While facial recognition is used by many forces around the world some are pushing back, citing privacy concerns. 

San Francisco for example, has banned New Zealand Police from using the technology.

Lynch and Chen’s findings are planned to be published in the coming months; and due in September is The Independent Police Conduct Authority and Privacy Commissioner’s report into the Maori photographing.

Dr Lynch believes that part of the problem is that the pace of technological change has outstripped that of law and regulation. 

“We welcome the opportunity to provide independent advice to assist New Zealand Police to develop and strengthen their policies for legal and ethical use of this technology.”

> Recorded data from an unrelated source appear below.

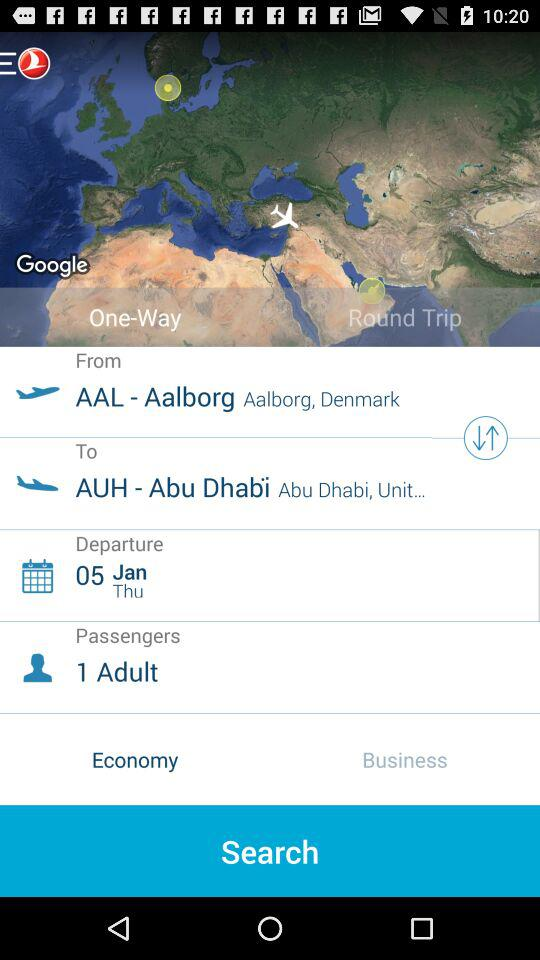What is the departure date? The departure date is Thursday, January 5. 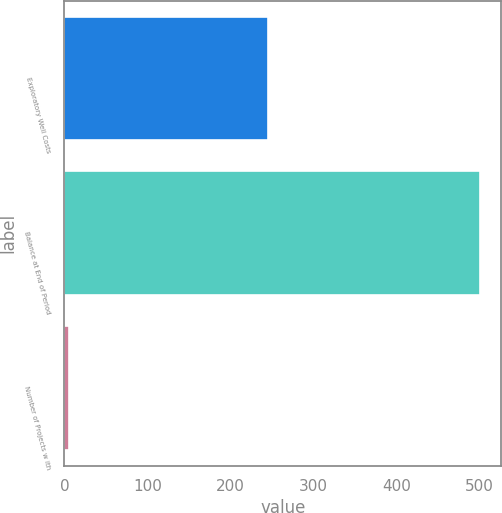<chart> <loc_0><loc_0><loc_500><loc_500><bar_chart><fcel>Exploratory Well Costs<fcel>Balance at End of Period<fcel>Number of Projects w ith<nl><fcel>245<fcel>501<fcel>6<nl></chart> 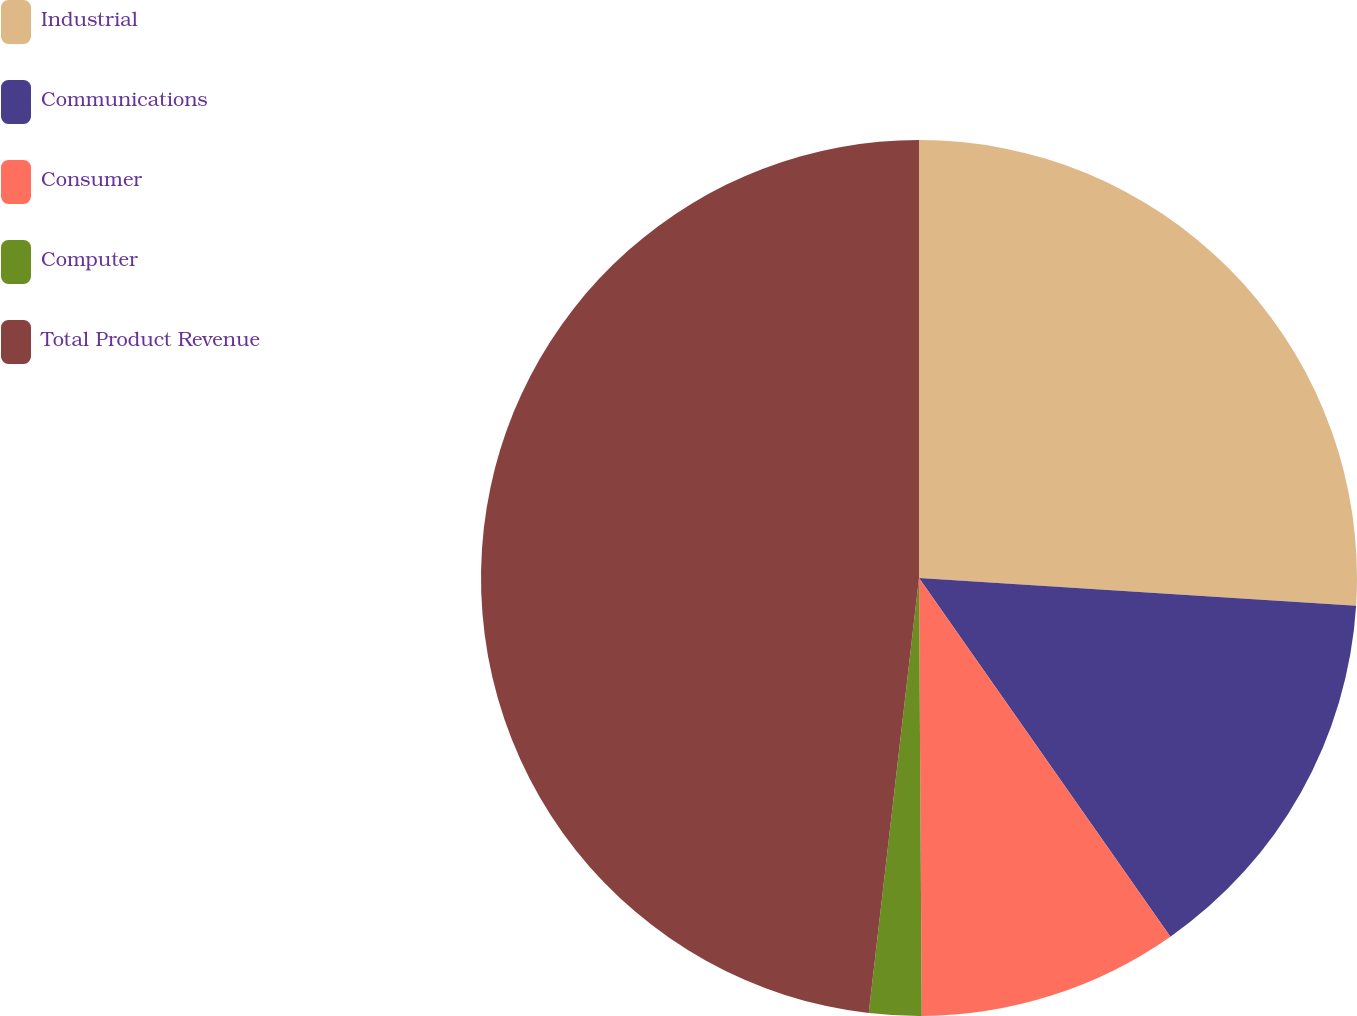Convert chart. <chart><loc_0><loc_0><loc_500><loc_500><pie_chart><fcel>Industrial<fcel>Communications<fcel>Consumer<fcel>Computer<fcel>Total Product Revenue<nl><fcel>26.01%<fcel>14.26%<fcel>9.63%<fcel>1.93%<fcel>48.17%<nl></chart>

He says he and Chen are interested to find out how New Zealand Police are using facial recognition technologies today, and how they can consider the use of new tools in the future.

“There is often a perception of a trade-off between public safety and privacy – we hope to find a path forward that supports both of these values at the same time.”

Utilising independent, expert oversight is a welcome acknowledgement by New Zealand Police that it has some way to go to gain the public’s trust on this issue; but that comes after some pretty big missteps and maybe too little, too late.